[ACTION ITEM] Go through the records and copy each line where the string "blocks" occurs.

--------------------

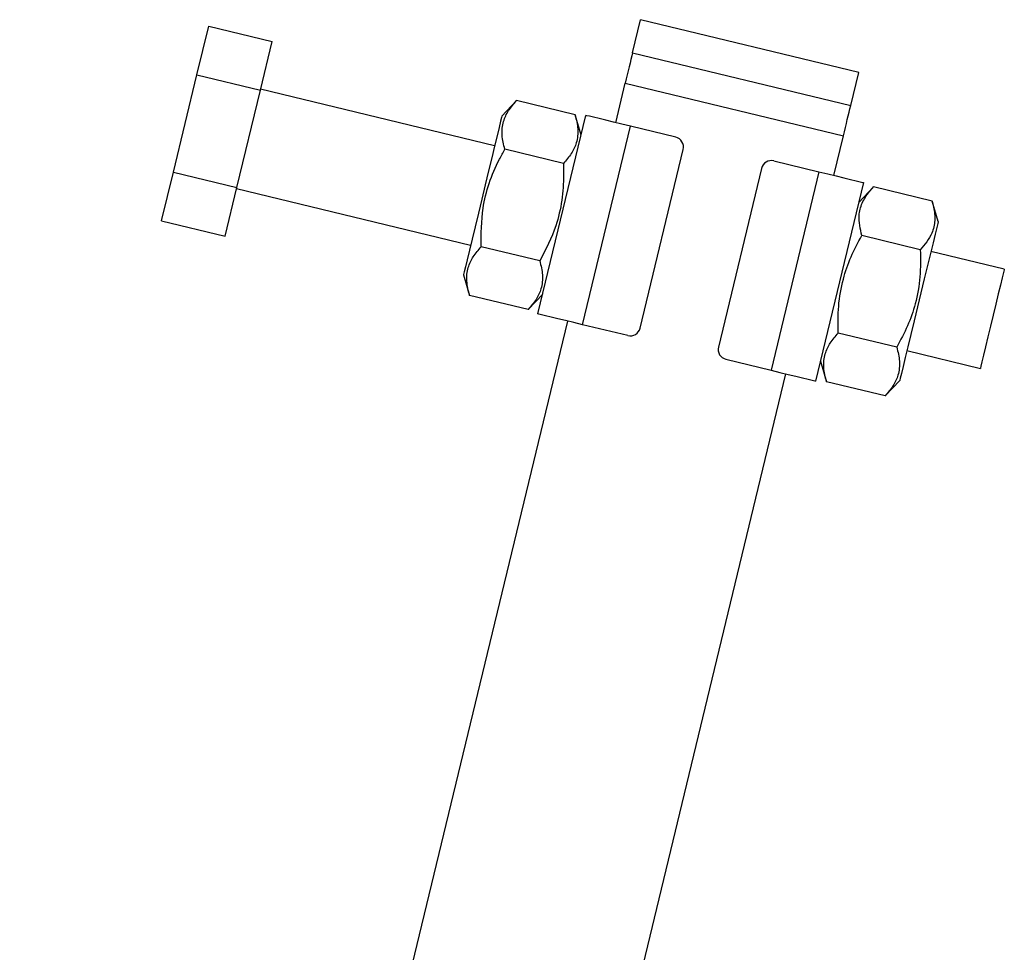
# Model space of a CAD drawing. Extents: x 78 to 731, y 58 to 554.
# Tile 12 of 17: x 157 to 221, y 493 to 554. Entities that reach past the tile are written whole.
import ezdxf

# ---------------------------------------------------------------- set-up
doc = ezdxf.new("R2010")
doc.units = 0
doc.header["$LTSCALE"] = 2
doc.layers.get('0').update_dxf_attribs({"linetype": 'CONTINUOUS'})
doc.styles.add('SLDTEXTSTYLE0', font='TXT', dxfattribs={"width": 0.75})
doc.dimstyles.new('SLDDIMSTYLE5', dxfattribs={"dimtxt": 7, "dimasz": 6.604, "dimexe": 0, "dimexo": 0.0625, "dimgap": 1.75, "dimtad": 1, "dimdec": 4, "dimlfac": 3, "dimzin": 12, "dimtxsty": 'SLDTEXTSTYLE0', "dimsah": 1, "dimcen": 0.09, "dimazin": 3, "dimtfac": 1, "dimtdec": 0, "dimtofl": 0, "dimtmove": 0, "dimatfit": 3, "dimtolj": 1, "dimtzin": 12})

# ---------------------------------------------------------------- blocks, each defined once
blk = doc.blocks.new('_D_8')
at = {"color": 179, "linetype": 'CONTINUOUS'}
blk.add_line((148.445, 374.404), (77.554, 374.404), dxfattribs=at)
blk.add_arc((154.293, 374.404), 74.739, 76.40882, 180, dxfattribs=at)
for points in [[(171.856, 447.05), (165.57, 449.315), (165.18, 447.321)], [(79.554, 374.404), (80.86, 380.957), (78.83, 381.046)]]:
    blk.add_solid(points, dxfattribs=at)
at = {"color": 179, "linetype": 'CONTINUOUS', "insert": (82.507, 419.332, 0.067), "char_height": 7, "attachment_point": 1, "rotation": 49.49229, "style": 'SLDTEXTSTYLE0'}
blk.add_mtext('104°', dxfattribs=at)

msp = doc.modelspace()

# ---------------------------------------------------------------- linework, layer by layer
at = {"color": 7, "linetype": 'CONTINUOUS'}
for p, q in [((197.131535, 551.59777), (197.652209, 553.751425)), ((211.908165, 550.304866), (197.652209, 553.751425)), ((168.660398, 550.148662), (169.429212, 553.328689)), ((169.429212, 553.328689), (173.5764, 552.326059)), ((172.807586, 549.146022), (173.5764, 552.326059)), ((197.131535, 551.59777), (211.387493, 548.151211)), ((167.122771, 543.788588), (168.660398, 550.148662)), ((168.660398, 550.148662), (172.807586, 549.146022)), ((211.387493, 548.151211), (211.908165, 550.304866)), ((196.026124, 547.025478), (196.652202, 549.615111)), ((196.652202, 549.615111), (210.908158, 546.168552)), ((171.269959, 542.785948), (172.807586, 549.146022)), ((188.114837, 545.508758), (172.822081, 549.205975)), ((189.54817, 548.464681), (188.584822, 547.452754)), ((193.374125, 547.539707), (189.54817, 548.464681)), ((190.948897, 534.535493), (194.082129, 547.49546)), ((193.768807, 546.199467), (193.374125, 547.539707)), ((193.864887, 533.830519), (196.998122, 546.790476)), ((199.946513, 546.077674), (196.998122, 546.790476)), ((210.282085, 543.578919), (210.908158, 546.168552)), ((192.605312, 544.35967), (188.779357, 545.284645)), ((197.617939, 533.609048), (200.437849, 545.273012)), ((206.361694, 544.526722), (209.310087, 543.81391)), ((166.353957, 540.608551), (167.122771, 543.788588)), ((167.122771, 543.788588), (171.269959, 542.785948)), ((205.557034, 544.035381), (202.737123, 532.371417)), ((209.310087, 543.81391), (206.17685, 530.853943)), ((212.226076, 543.108926), (209.092843, 530.148969)), ((170.501145, 539.605911), (171.269959, 542.785948)), ((171.255464, 542.725996), (186.548219, 539.028779)), ((212.876104, 542.82486), (211.912754, 541.812932)), ((216.702057, 541.899886), (212.876104, 542.82486)), ((217.096739, 540.559645), (216.702057, 541.899886)), ((166.353957, 540.608551), (170.501145, 539.605911)), ((215.933246, 538.719849), (212.107289, 539.644823)), ((191.067686, 537.999606), (187.241729, 538.924571)), ((221.42194, 537.456349), (216.626751, 538.61565)), ((186.078233, 537.084784), (186.472916, 535.744534)), ((190.298871, 534.819569), (186.472916, 535.744534)), ((190.298871, 534.819569), (191.262221, 535.831487)), ((180.601857, 483.226231), (192.89289, 534.065511)), ((196.813278, 533.117707), (193.864887, 533.830519)), ((214.395615, 532.359785), (210.569663, 533.284749)), ((215.060138, 532.135661), (219.855321, 530.976371)), ((203.228462, 531.566755), (206.17685, 530.853943)), ((209.406165, 531.444963), (209.800847, 530.104712)), ((194.857814, 479.779676), (207.148848, 530.618951)), ((213.626805, 529.179748), (214.59015, 530.191676)), ((213.626805, 529.179748), (209.800847, 530.104712))]:
    msp.add_line(p, q, dxfattribs=at)
at = {"color": 7, "linetype": 'CONTINUOUS', "flags": 128}
for points in [[(197.131535, 551.59777), (197.079922, 551.384286), (197.025056, 551.157341), (196.967351, 550.918664), (196.907248, 550.670053), (196.845204, 550.413426), (196.781693, 550.150718), (196.717193, 549.883938), (196.652202, 549.615111)], [(210.908158, 546.168552), (210.973151, 546.437379), (211.037649, 546.704159), (211.101162, 546.966866), (211.163206, 547.223504), (211.223312, 547.472105), (211.281014, 547.710782), (211.33588, 547.937727), (211.387493, 548.151211)], [(188.584822, 547.452754), (188.564681, 547.369446), (188.504905, 547.122196), (188.407417, 546.718961), (188.275348, 546.172684), (188.112945, 545.50093), (187.925424, 544.725295), (187.718817, 543.870713), (187.499762, 542.964633), (187.275298, 542.036191), (187.052645, 541.11522), (186.838953, 540.231333), (186.641093, 539.412931), (186.465423, 538.686311), (186.317593, 538.074837), (186.20235, 537.598159), (186.123399, 537.271605), (186.08328, 537.105655), (186.078233, 537.084784)], [(196.998122, 546.790476), (196.429241, 546.928014), (195.882219, 547.060267), (195.378083, 547.182148), (194.936204, 547.28897), (194.573564, 547.376648), (194.304097, 547.441796), (194.13816, 547.48191), (194.082129, 547.49546)], [(209.310087, 543.81391), (209.878969, 543.676372), (210.425986, 543.544129), (210.930122, 543.422248), (211.372001, 543.315416), (211.734645, 543.227738), (212.004108, 543.16259), (212.170047, 543.122476), (212.226076, 543.108926)], [(217.096739, 540.559645), (217.096178, 540.557321), (217.069351, 540.446357), (217.003125, 540.172424), (216.899621, 539.744313), (216.762173, 539.175784), (216.595196, 538.485125), (216.404058, 537.69452), (216.194901, 536.829388), (215.974448, 535.917526), (215.749788, 534.98826), (215.528133, 534.071431), (215.316616, 533.196534), (215.122027, 532.391663), (214.950629, 531.682706), (214.807926, 531.092451), (214.698506, 530.639853), (214.625883, 530.339465), (214.592395, 530.200954), (214.59015, 530.191676)], [(221.42194, 537.456349), (221.413193, 537.420159), (221.367794, 537.232385), (221.285833, 536.893364), (221.171417, 536.420113), (221.030288, 535.836355), (220.869514, 535.171366), (220.697167, 534.458484), (220.521885, 533.733463), (220.352459, 533.032661), (220.197378, 532.391206), (220.064424, 531.841274), (219.960265, 531.410442)], [(193.864887, 533.830519), (193.296006, 533.968057), (192.748987, 534.1003), (192.244851, 534.222181), (191.802971, 534.329013), (191.440329, 534.416681), (191.170862, 534.481829), (191.004925, 534.521953), (190.948897, 534.535493)], [(206.17685, 530.853943), (206.745732, 530.716415), (207.292753, 530.584162), (207.796889, 530.462281), (208.238768, 530.355449), (208.601408, 530.267781), (208.870876, 530.202633), (209.036815, 530.162519), (209.092843, 530.148969)], [(219.960265, 531.410442), (219.890126, 531.120316), (219.857512, 530.985431), (219.855321, 530.976371)]]:
    msp.add_lwpolyline(points, dxfattribs=at)
at = {"color": 7, "linetype": 'CONTINUOUS'}
for centre, start, end in [((199.789851, 545.429672), 346.40881767, 76.40881767), ((206.205033, 543.878721), 76.40881767, 166.40881767), ((196.969941, 533.765706), 256.40881767, 346.40881767), ((203.385122, 532.214755), 166.40881767, 256.40881767)]:
    msp.add_arc(centre, 0.666667, start, end, dxfattribs=at)
for points, knots in [([(188.779357, 545.284645), (188.703993, 545.595001), (188.55163, 546.222445), (188.646417, 547.074602), (188.991732, 547.82762), (189.361561, 548.251034), (189.54817, 548.464681)], [0, 0, 0, 0, 0.264604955, 0.534948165, 0.765343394, 1, 1, 1, 1]), ([(193.374125, 547.539707), (193.449489, 547.229349), (193.601852, 546.601905), (193.507064, 545.74976), (193.161749, 544.996742), (192.791921, 544.573321), (192.605312, 544.35967)], [0, 0, 0, 0, 0.264604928, 0.534947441, 0.765342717, 1, 1, 1, 1]), ([(187.241729, 538.924571), (187.239939, 539.767525), (187.236966, 541.168751), (187.723007, 543.087762), (188.264671, 544.354173), (188.660168, 545.06917), (188.779357, 545.284645)], [0, 0, 0, 0, 0.379384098, 0.63064321, 0.888688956, 1, 1, 1, 1]), ([(192.605312, 544.35967), (192.612903, 544.113543), (192.637655, 543.311052), (192.543362, 541.937292), (192.103628, 540.006452), (191.454343, 538.748645), (191.067686, 537.999606)], [0, 0, 0, 0, 0.1113106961, 0.3629260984, 0.620614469, 1, 1, 1, 1]), ([(212.107289, 539.644823), (212.009278, 540.08978), (211.846356, 540.829423), (212.099817, 541.786399), (212.481892, 542.392722), (212.784815, 542.724788), (212.876104, 542.82486)], [0, 0, 0, 0, 0.379384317, 0.630642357, 0.888689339, 1, 1, 1, 1]), ([(216.702057, 541.899886), (216.737549, 541.769159), (216.853269, 541.342932), (216.918467, 540.628893), (216.711389, 539.660379), (216.223682, 539.070894), (215.933246, 538.719849)], [0, 0, 0, 0, 0.111311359, 0.362925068, 0.620613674, 1, 1, 1, 1]), ([(210.569663, 533.284749), (210.561027, 533.871111), (210.543568, 535.056552), (210.838228, 536.735446), (211.374608, 538.278779), (211.861575, 539.186703), (212.107289, 539.644823)], [0, 0, 0, 0, 0.264604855, 0.534948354, 0.765343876, 1, 1, 1, 1]), ([(186.472916, 535.744534), (186.397551, 536.05489), (186.245189, 536.682334), (186.339975, 537.534492), (186.685295, 538.287509), (187.055121, 538.710924), (187.241729, 538.924571)], [0, 0, 0, 0, 0.264604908, 0.53494815, 0.765343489, 1, 1, 1, 1]), ([(215.933246, 538.719849), (215.941883, 538.133486), (215.959344, 536.948048), (215.664674, 535.269159), (215.128297, 533.725829), (214.64133, 532.817905), (214.395615, 532.359785)], [0, 0, 0, 0, 0.264605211, 0.534947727, 0.76534356, 1, 1, 1, 1]), ([(191.067686, 537.999606), (191.143049, 537.689249), (191.29541, 537.061805), (191.200623, 536.209648), (190.855308, 535.45663), (190.485479, 535.033216), (190.298871, 534.819569)], [0, 0, 0, 0, 0.264604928, 0.534948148, 0.765343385, 1, 1, 1, 1]), ([(209.800847, 530.104712), (209.725483, 530.415069), (209.573119, 531.042513), (209.667912, 531.89467), (210.013221, 532.647689), (210.383053, 533.071102), (210.569663, 533.284749)], [0, 0, 0, 0, 0.2646048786, 0.5349481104, 0.7653432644, 1, 1, 1, 1]), ([(214.395615, 532.359785), (214.470979, 532.049428), (214.623342, 531.421984), (214.528559, 530.569827), (214.183238, 529.816809), (213.813412, 529.393395), (213.626805, 529.179748)], [0, 0, 0, 0, 0.264604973, 0.53494818, 0.765343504, 1, 1, 1, 1])]:
    msp.add_open_spline(points, degree=3, knots=knots, dxfattribs=at)

# ---------------------------------------------------------------- dimensions: what is measured, and where the dimension line sits
at = {"color": 179, "linetype": 'CONTINUOUS'}
dim = msp.add_angular_dim_2l(base=(108.068891, 433.134526), line1=((167.513697, 429.089815), (197.652208, 553.751425)), line2=((150.444995, 374.403865), (177.778328, 374.403865)), dimstyle='SLDDIMSTYLE5', dxfattribs=at)
dim.commit()
dim.dimension.update_dxf_attribs({"geometry": '_D_8', "text_midpoint": (97.467173, 422.950656), "dimtype": 162})

doc.saveas('drawing.dxf')

--------------------

[RESULT FOR THIS EXERCISE]
# ---------------------------------------------------------------- blocks, each defined once
blk = doc.blocks.new('_D_8')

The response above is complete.